Unlike with Afghanistan, criticism from the foreign policy establishment has been muted.

“I think they started with a bit of an analytical mistake — that they could have a stable and predictable relationship with Russia so they could focus on China,” said Michael McFaul, a former ambassador to Russia in the Obama administration. “But, generally, I’m impressed.”

Since November, the administration has held more than 300 “diplomatic engagements” with partners and allies. Biden has sent troops to bolster jittery NATO allies in Eastern Europe. And the White House has used information as a weapon of deterrence, declassifying and disclosing intelligence to disrupt possible Russian operations in real-time.

Andrea Kendall-Taylor, a former deputy national intelligence officer for Russia, described this as an effort to “build a common threat picture.”

That much has worked so far. European countries that might otherwise have gone wobbly, notably Germany, have agreed to impose severe sanctions should Putin decide to invade.

“Trump couldn’t have done this,” said Daniel Fried, a longtime Russia expert who retired in 2017 as the State Department’s coordinator for sanctions policy. “Trump wouldn’t have been interested.”

Next Comes the Tricky Part

Putin might still attack, of course, which would raise questions about the White House’s strategy. And he has options short of war, too: Annexing parts of Ukraine. Squeezing Kyiv economically. Wielding Russia’s energy resources to divide European countries. Launching cyberattacks. Forcing up the price of oil.

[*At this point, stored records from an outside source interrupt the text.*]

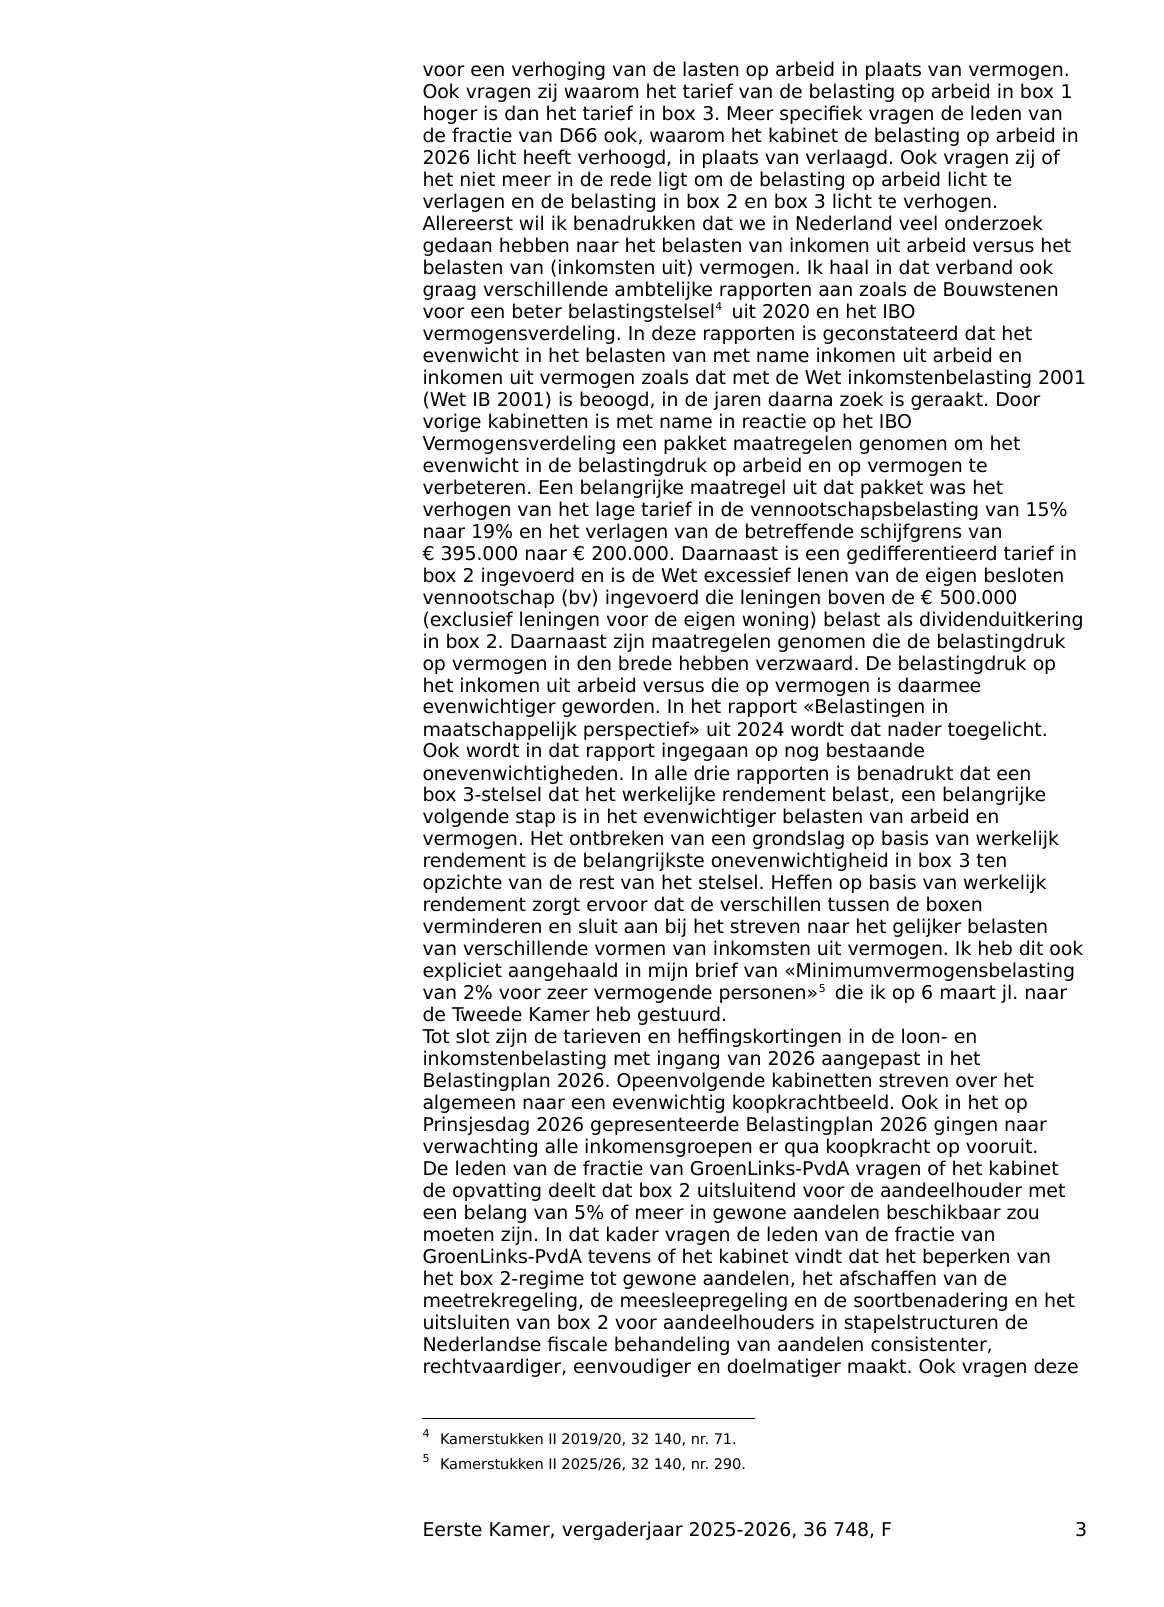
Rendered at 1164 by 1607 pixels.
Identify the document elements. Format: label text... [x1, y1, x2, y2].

text voor een verhoging van de lasten op arbeid in plaats van vermogen. Ook vragen zij waarom het tarief van de belasting op arbeid in box 1 hoger is dan het tarief in box 3. Meer specifiek vragen de leden van de fractie van D66 ook, waarom het kabinet de belasting op arbeid in 2026 licht heeft verhoogd, in plaats van verlaagd. Ook vragen zij of het niet meer in de rede ligt om de belasting op arbeid licht te verlagen en de belasting in box 2 en box 3 licht te verhogen. [422, 59, 1087, 213]
text Allereerst wil ik benadrukken dat we in Nederland veel onderzoek gedaan hebben naar het belasten van inkomen uit arbeid versus het belasten van (inkomsten uit) vermogen. Ik haal in dat verband ook graag verschillende ambtelijke rapporten aan zoals de Bouwstenen voor een beter belastingstelsel uit 2020 en het IBO vermogensverdeling. In deze rapporten is geconstateerd dat het evenwicht in het belasten van met name inkomen uit arbeid en inkomen uit vermogen zoals dat met de Wet inkomstenbelasting 2001 (Wet IB 2001) is beoogd, in de jaren daarna zoek is geraakt. Door vorige kabinetten is met name in reactie op het IBO Vermogensverdeling een pakket maatregelen genomen om het evenwicht in de belastingdruk op arbeid en op vermogen te verbeteren. Een belangrijke maatregel uit dat pakket was het verhogen van het lage tarief in de vennootschapsbelasting van 15% naar 19% en het verlagen van de betreffende schijfgrens van € 395.000 naar € 200.000. Daarnaast is een gedifferentieerd tarief in box 2 ingevoerd en is de Wet excessief lenen van de eigen besloten vennootschap (bv) ingevoerd die leningen boven de € 500.000 (exclusief leningen voor de eigen woning) belast als dividenduitkering in box 2. Daarnaast zijn maatregelen genomen die de belastingdruk op vermogen in den brede hebben verzwaard. De belastingdruk op het inkomen uit arbeid versus die op vermogen is daarmee evenwichtiger geworden. In het rapport «Belastingen in maatschappelijk perspectief» uit 2024 wordt dat nader toegelicht. Ook wordt in dat rapport ingegaan op nog bestaande onevenwichtigheden. In alle drie rapporten is benadrukt dat een box 3-stelsel dat het werkelijke rendement belast, een belangrijke volgende stap is in het evenwichtiger belasten van arbeid en vermogen. Het ontbreken van een grondslag op basis van werkelijk rendement is de belangrijkste onevenwichtigheid in box 3 ten opzichte van de rest van het stelsel. Heffen op basis van werkelijk rendement zorgt ervoor dat de verschillen tussen de boxen verminderen en sluit aan bij het streven naar het gelijker belasten van verschillende vormen van inkomsten uit vermogen. Ik heb dit ook expliciet aangehaald in mijn brief van «Minimumvermogensbelasting van 2% voor zeer vermogende personen» die ik op 6 maart jl. naar de Tweede Kamer heb gestuurd. [422, 213, 1087, 1026]
text Kamerstukken II 2025/26, 32 140, nr. 290. [422, 1452, 1087, 1474]
text Kamerstukken II 2019/20, 32 140, nr. 71. [422, 1427, 1087, 1449]
text De leden van de fractie van GroenLinks-PvdA vragen of het kabinet de opvatting deelt dat box 2 uitsluitend voor de aandeelhouder met een belang van 5% of meer in gewone aandelen beschikbaar zou moeten zijn. In dat kader vragen de leden van de fractie van GroenLinks-PvdA tevens of het kabinet vindt dat het beperken van het box 2-regime tot gewone aandelen, het afschaffen van de meetrekregeling, de meesleepregeling en de soortbenadering en het uitsluiten van box 2 voor aandeelhouders in stapelstructuren de Nederlandse fiscale behandeling van aandelen consistenter, rechtvaardiger, eenvoudiger en doelmatiger maakt. Ook vragen deze [422, 1158, 1087, 1378]
text Tot slot zijn de tarieven en heffingskortingen in de loon- en inkomstenbelasting met ingang van 2026 aangepast in het Belastingplan 2026. Opeenvolgende kabinetten streven over het algemeen naar een evenwichtig koopkrachtbeeld. Ook in het op Prinsjesdag 2026 gepresenteerde Belastingplan 2026 gingen naar verwachting alle inkomensgroepen er qua koopkracht op vooruit. [422, 1026, 1087, 1158]

Giving Putin an off-ramp could require a painful, protracted negotiating process, potentially leading to accusations that the United States is feeding Ukraine to the Russian wolf.

Building a cross-aisle coalition in Washington won’t be easy, either.

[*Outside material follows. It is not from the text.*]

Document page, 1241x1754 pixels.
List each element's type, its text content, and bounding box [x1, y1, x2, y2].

On Tuesday, as discussions on a bipartisan bill to penalize Russia broke down, the best Congress could cobble together was a statement expressing solidarity with Ukraine. Two of the holdouts were Cotton and Sen. Ted Cruz, R-Texas, both of whom harbor presidential ambitions. Senate Republicans introduced their own punitive legislation — the Never Yielding Europe’s Territory, or NYET Act, a rhetorical flourish in the form of a bill that would halt Nord Stream 2, a Baltic Sea gas pipeline meant to bypass Ukraine.

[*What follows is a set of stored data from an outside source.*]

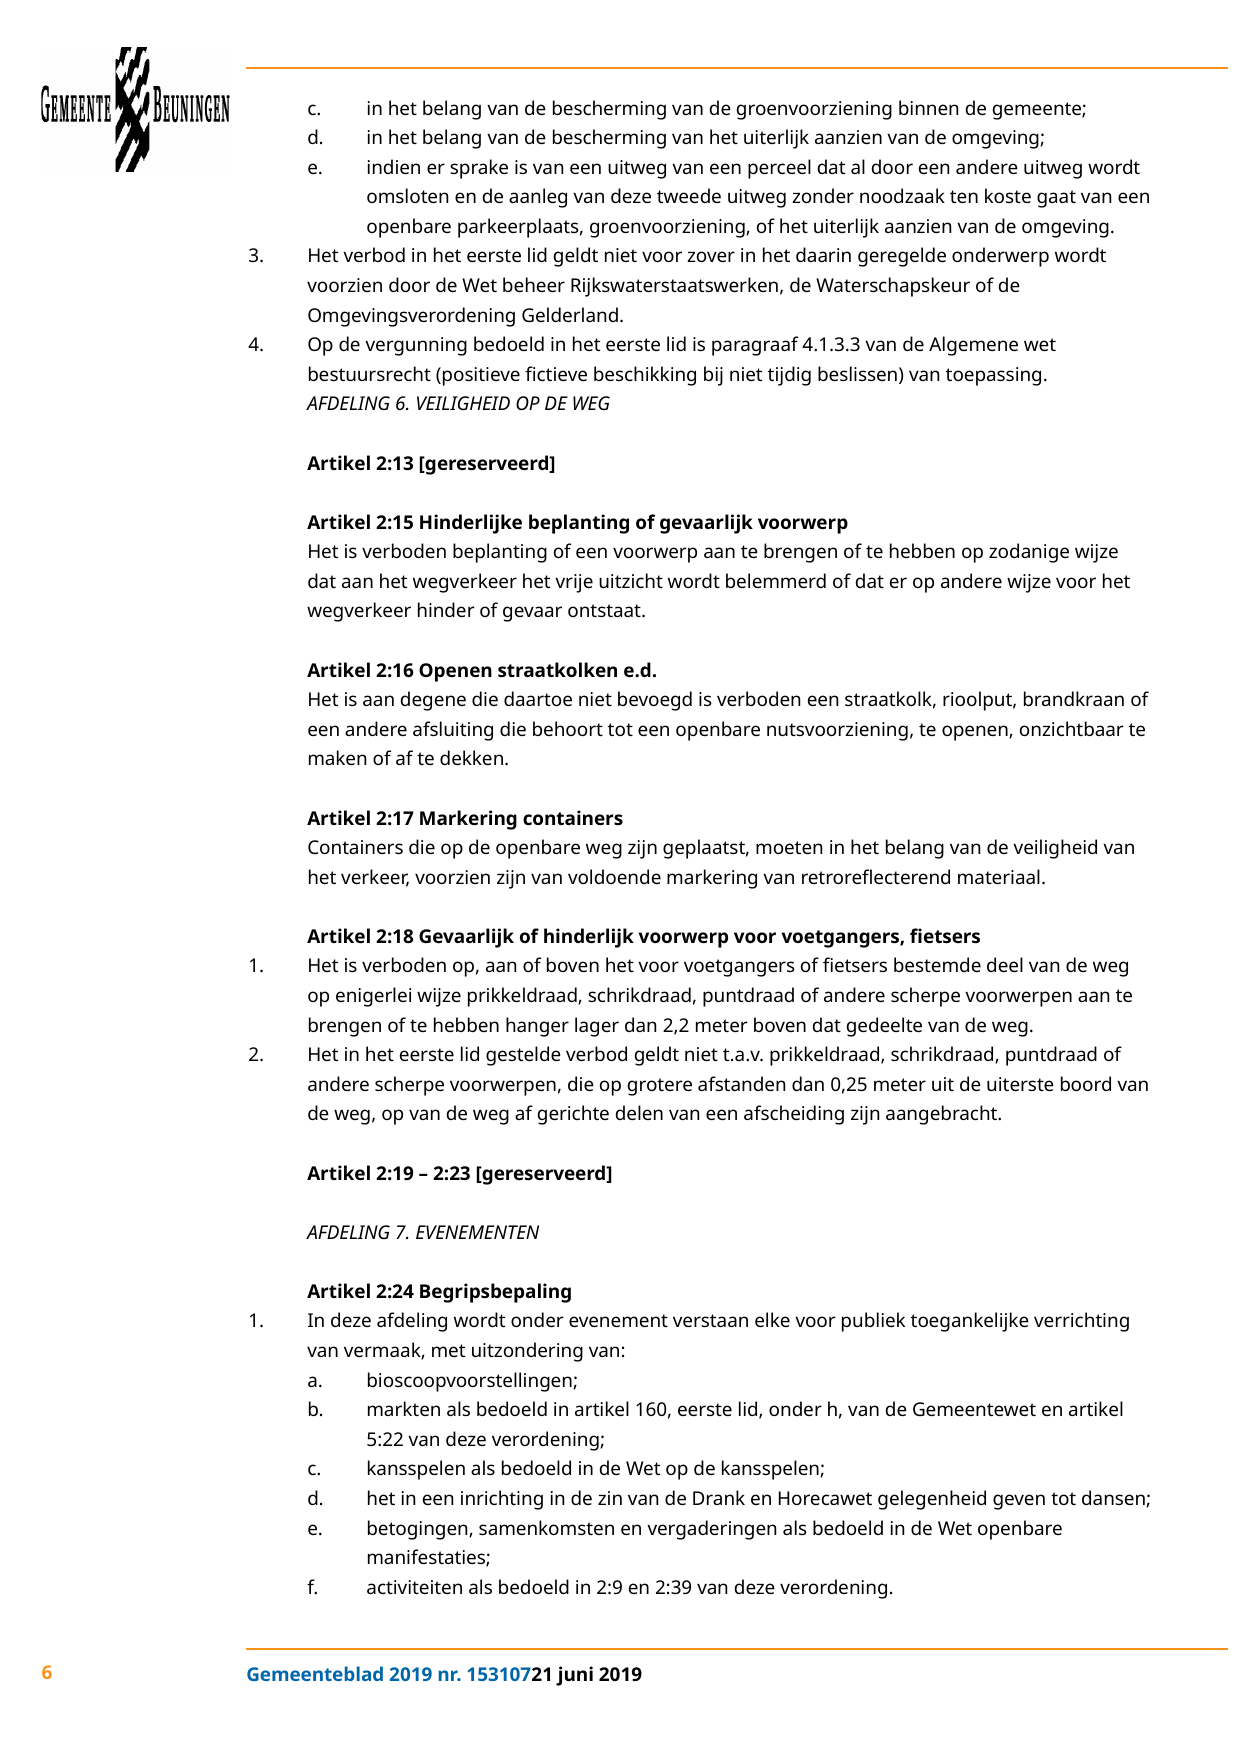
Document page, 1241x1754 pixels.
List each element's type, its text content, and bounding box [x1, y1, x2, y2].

list Containers die op de openbare weg zijn geplaatst, moeten in het belang van de veiligheid van het verkeer, voorzien zijn van voldoende markering van retroreflecterend materiaal. [248, 834, 1152, 890]
list markten als bedoeld in artikel 160, eerste lid, onder h, van de Gemeentewet en artikel 5:22 van deze verordening; [307, 1396, 1152, 1452]
list in het belang van de bescherming van de groenvoorziening binnen de gemeente; [307, 95, 1152, 121]
list Het in het eerste lid gestelde verbod geldt niet t.a.v. prikkeldraad, schrikdraad, puntdraad of andere scherpe voorwerpen, die op grotere afstanden dan 0,25 meter uit de uiterste boord van de weg, op van de weg af gerichte delen van een afscheiding zijn aangebracht. [248, 1041, 1152, 1126]
picture [41, 47, 231, 172]
list Het is verboden op, aan of boven het voor voetgangers of fietsers bestemde deel van de weg op enigerlei wijze prikkeldraad, schrikdraad, puntdraad of andere scherpe voorwerpen aan te brengen of te hebben hanger lager dan 2,2 meter boven dat gedeelte van de weg. [248, 953, 1152, 1038]
list activiteiten als bedoeld in 2:9 en 2:39 van deze verordening. [307, 1574, 1152, 1600]
list Artikel 2:15 Hinderlijke beplanting of gevaarlijk voorwerp [248, 509, 1152, 535]
list AFDELING 6. VEILIGHEID OP DE WEG [248, 391, 1152, 416]
list AFDELING 7. EVENEMENTEN [248, 1219, 1152, 1245]
list Artikel 2:16 Openen straatkolken e.d. [248, 657, 1152, 683]
list Op de vergunning bedoeld in het eerste lid is paragraaf 4.1.3.3 van de Algemene wet bestuursrecht (positieve fictieve beschikking bij niet tijdig beslissen) van toepassing. [248, 331, 1152, 387]
list Artikel 2:24 Begripsbepaling [248, 1278, 1152, 1304]
list kansspelen als bedoeld in de Wet op de kansspelen; [307, 1456, 1152, 1481]
list In deze afdeling wordt onder evenement verstaan elke voor publiek toegankelijke verrichting van vermaak, met uitzondering van: [248, 1308, 1152, 1363]
list betogingen, samenkomsten en vergaderingen als bedoeld in de Wet openbare manifestaties; [307, 1515, 1152, 1570]
list Artikel 2:17 Markering containers [248, 805, 1152, 831]
list Het verbod in het eerste lid geldt niet voor zover in het daarin geregelde onderwerp wordt voorzien door de Wet beheer Rijkswaterstaatswerken, de Waterschapskeur of de Omgevingsverordening Gelderland. [248, 243, 1152, 328]
list in het belang van de bescherming van het uiterlijk aanzien van de omgeving; [307, 124, 1152, 150]
list Artikel 2:18 Gevaarlijk of hinderlijk voorwerp voor voetgangers, fietsers [248, 923, 1152, 949]
list Artikel 2:13 [gereserveerd] [248, 450, 1152, 476]
list Het is aan degene die daartoe niet bevoegd is verboden een straatkolk, rioolput, brandkraan of een andere afsluiting die behoort tot een openbare nutsvoorziening, te openen, onzichtbaar te maken of af te dekken. [248, 686, 1152, 771]
list het in een inrichting in de zin van de Drank en Horecawet gelegenheid geven tot dansen; [307, 1485, 1152, 1511]
list indien er sprake is van een uitweg van een perceel dat al door een andere uitweg wordt omsloten en de aanleg van deze tweede uitweg zonder noodzaak ten koste gaat van een openbare parkeerplaats, groenvoorziening, of het uiterlijk aanzien van de omgeving. [307, 154, 1152, 239]
list Het is verboden beplanting of een voorwerp aan te brengen of te hebben op zodanige wijze dat aan het wegverkeer het vrije uitzicht wordt belemmerd of dat er op andere wijze voor het wegverkeer hinder of gevaar ontstaat. [248, 538, 1152, 623]
list bioscoopvoorstellingen; [307, 1367, 1152, 1393]
list Artikel 2:19 – 2:23 [gereserveerd] [248, 1160, 1152, 1186]

The proposal was a reminder that Republicans have a megaphone but no real responsibility. And in an election year, national security can get political in a hurry.

Don’t Expect a Ukraine Bump

Historically, any effect that foreign crises have on public opinion tends to be ephemeral.

After John F. Kennedy led the United States out of the Cuban missile crisis, his approval rating soared to 76%. By the time of his assassination a year later, it had fallen to the upper 50s. George H.W. Bush’s approval rating reached 89% after the first Gulf War, but it sank to 29% as the economy slumped, and he lost reelection to Bill Clinton. Killing Osama bin Laden bought Barack Obama about a month of buoyant poll numbers, at most.

But when things go wrong abroad, the damage to a president’s credibility can be devastating. Lyndon B. Johnson declined to run for reelection after the Tet Offensive in Vietnam helped drive his approval ratings into the mid-30s. The seizure of U.S. hostages in Iran paralyzed Jimmy Carter, contributing to his defeat in 1980. And although George W. Bush was reelected in 2004, Iraq haunted the remainder of his presidency.

David Axelrod, a former senior adviser to Obama, said that Biden has been “very smart, strong and deliberate” on Ukraine. “Even as most Americans are focused closer to home,” he added, “‘smart, strong and deliberate’ are welcome adjectives for this president after a challenging six months.”

Should Putin gain the upper hand, though, history’s judgment could be harsh. And even if things go well, some question the wisdom of devoting so much attention to a region that represents the geopolitical past, not its future.

“We have to focus on China,” said Elbridge Colby, a former Pentagon official in the Trump administration. “The military situation in Asia is increasingly acute, and we’re way behind. Russia’s a secondary issue.”